● **ACTIVITY**: Leaving the pictures aside, repeat every line below exactly.

** DATASET EXCERPT follows **

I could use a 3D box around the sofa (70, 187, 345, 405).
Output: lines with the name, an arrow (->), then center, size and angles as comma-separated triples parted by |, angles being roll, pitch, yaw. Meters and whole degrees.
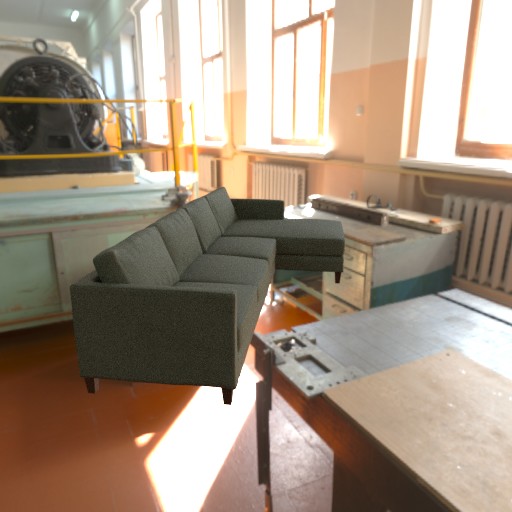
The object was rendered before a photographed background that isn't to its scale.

** End of DATASET EXCERPT **

● **SOLUTION FOR THIS PROBLEM**:
I could use a 3D box around the sofa (70, 187, 345, 405).
Output: lines with the name, an arrow (->), then center, size and angles as comma-separated triples parted by |, angles being roll, pitch, yaw. Meters and whole degrees.
The object was rendered before a photographed background that isn't to its scale.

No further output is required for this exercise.